3. Understanding the CluBCpG output data

3.1. Coverage output

The output from clubcpg-coverage looks like this:

clubcpg-coverage output

bin_id

n_reads

n_cpgs

chr19_61300

4

1

chr19_61400

4

2

chr19_89800

25

4

Each row represents 1 bin.

Note

A header row is shown on this table for clarity, however the real csv file generated will not have a header row.

  • bin_id

    Represents the unique bin in the genome. The underscore character (__) separates the chromosome and the genomic coordinate. The genomic coordiate represents the end-point of a bin.

    • ex: If --bin_size was set to 100, chr19_61300 would represent chr19:61200-61300

  • n_reads

    Number of reads which fully cover all CpGs within the bin

  • n_cpgs

    Number of CpGs within the bin

3.2. Cluster output

The output from clubcpg-cluster looks like this:

clubcpg-cluster output

bin_id

input_label

methylation

class_label

read_number

cpg_number

cpg_pattern

class_split

chr2_10700

AB

0.8333

0

6

6

1;1;1;1;1;0

A=5,B=1

chr2_10700

A

1

1

12

6

1;1;1;1;1;1

A=12

Each row represents 1 cluster.

  • bin_id

    Represents the unique bin in the genome. The underscore character (__) separates the chromosome and the genomic coordinate. The genomic coordiate represents the end-point of a bin.

  • input_label

    Represents the input file this cluster was found in

    • Single-file mode
      • This will show the BAM file name specified with the -a flag.

    • Two-file mode:
      • A = Input BAM specified in the -a flag

      • B = Input BAM specified in the -b

      • AB = found in both input BAM files

  • methylation

    The methylation level of the CpG pattern found in this cluster

  • class_label

    A unique identifier for each cluster found within a given bin (only unique within a bin)

  • read_number

    The number of reads found within this cluster

  • cpg_number

    The number of CpGs in this cluster

  • cpg_pattern

    The methylation pattern of the cluster

    • 1 = methylated

    • 0 = unmethylated

  • class_split

    The breakdown of how many reads in a given cluster came from each input BAM.

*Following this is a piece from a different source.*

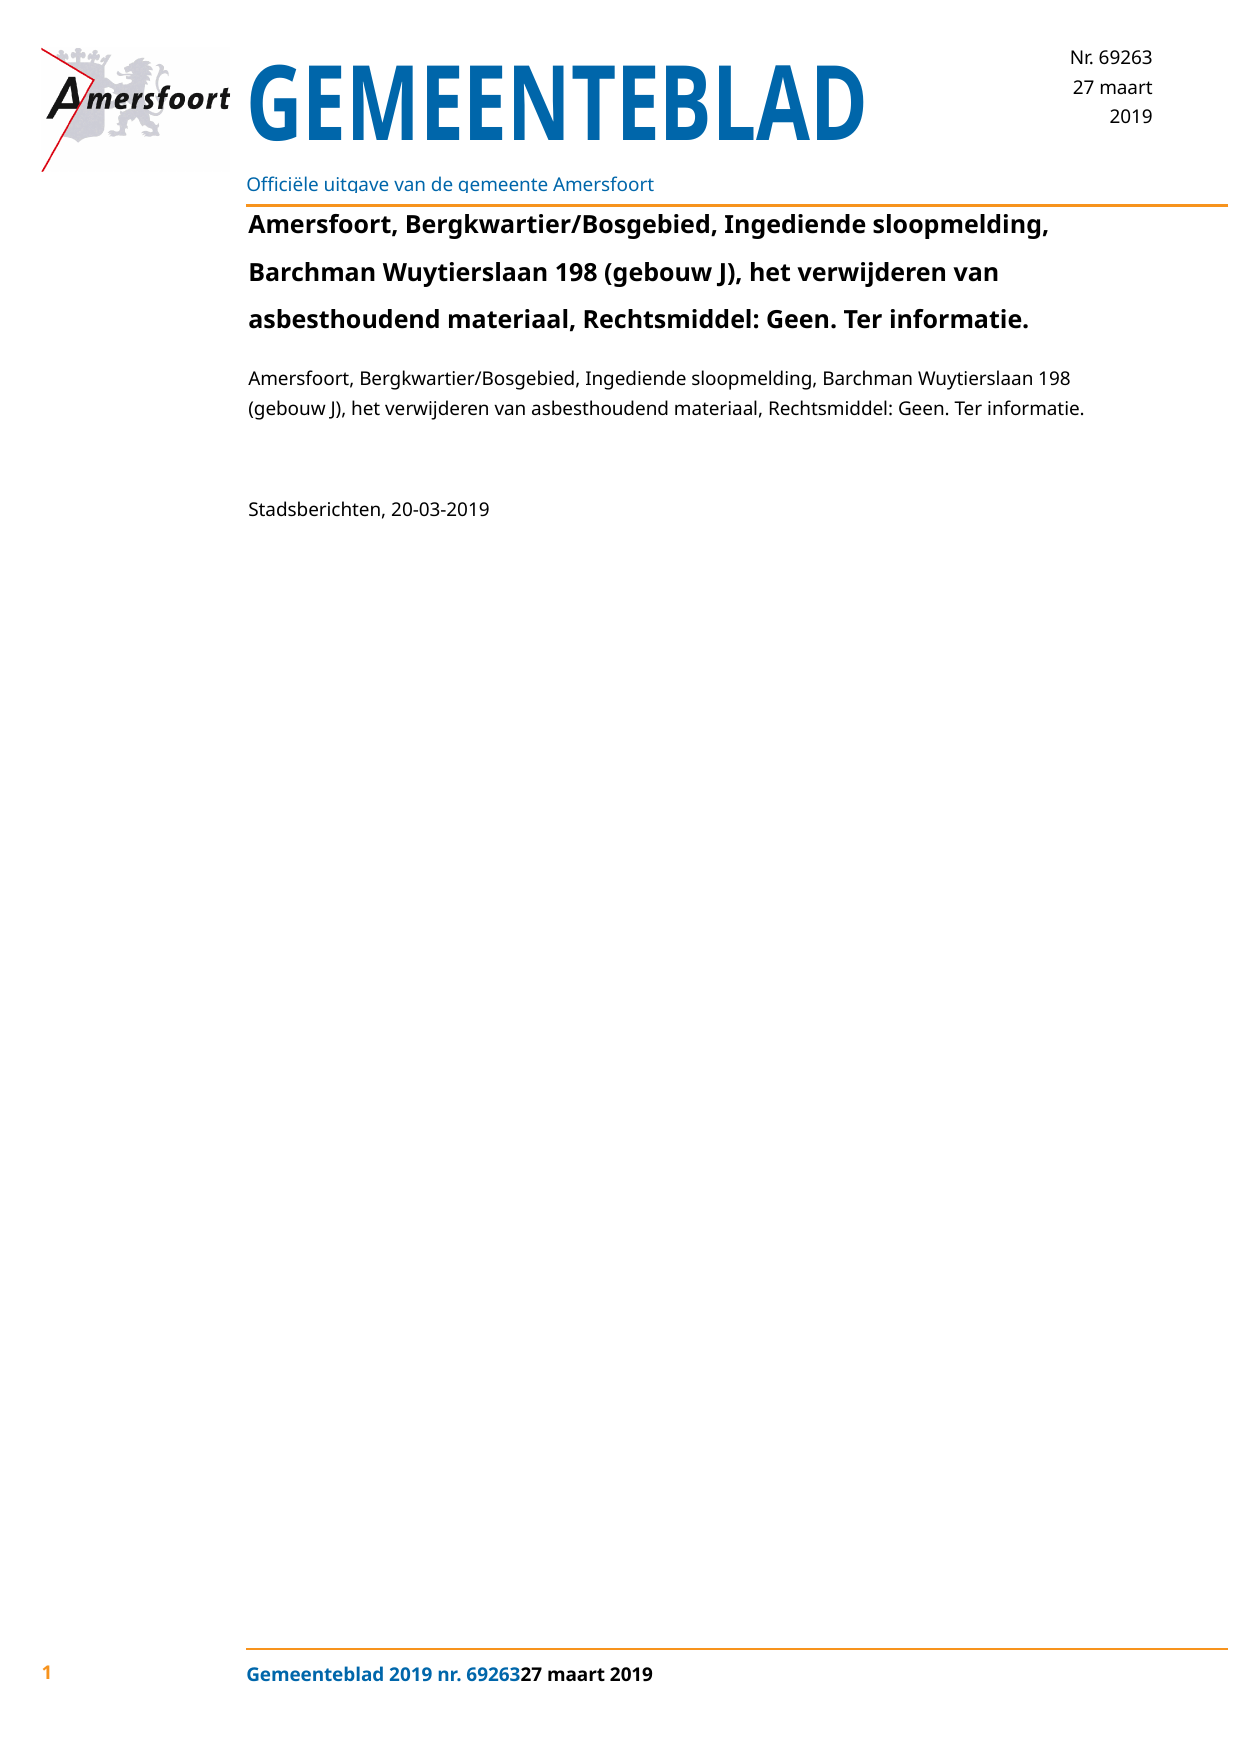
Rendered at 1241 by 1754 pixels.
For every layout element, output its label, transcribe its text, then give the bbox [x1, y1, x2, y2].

    • Useful for AB clusters.

    • If cluster is A or B, this number will match the read_number column.

Warning

If clustering was performed with --remove_noise False (this is True by deafult) you may find clusters with a class_label of -1.

These represents noise reads, which are reads where a given CpG patterns was only observed ONCE.

The read_number column may be of interest to you, but the other columns do NOT represent true values. They will only represent one of the noise patterns found. These values may be set to null in future versions of CluBCpG.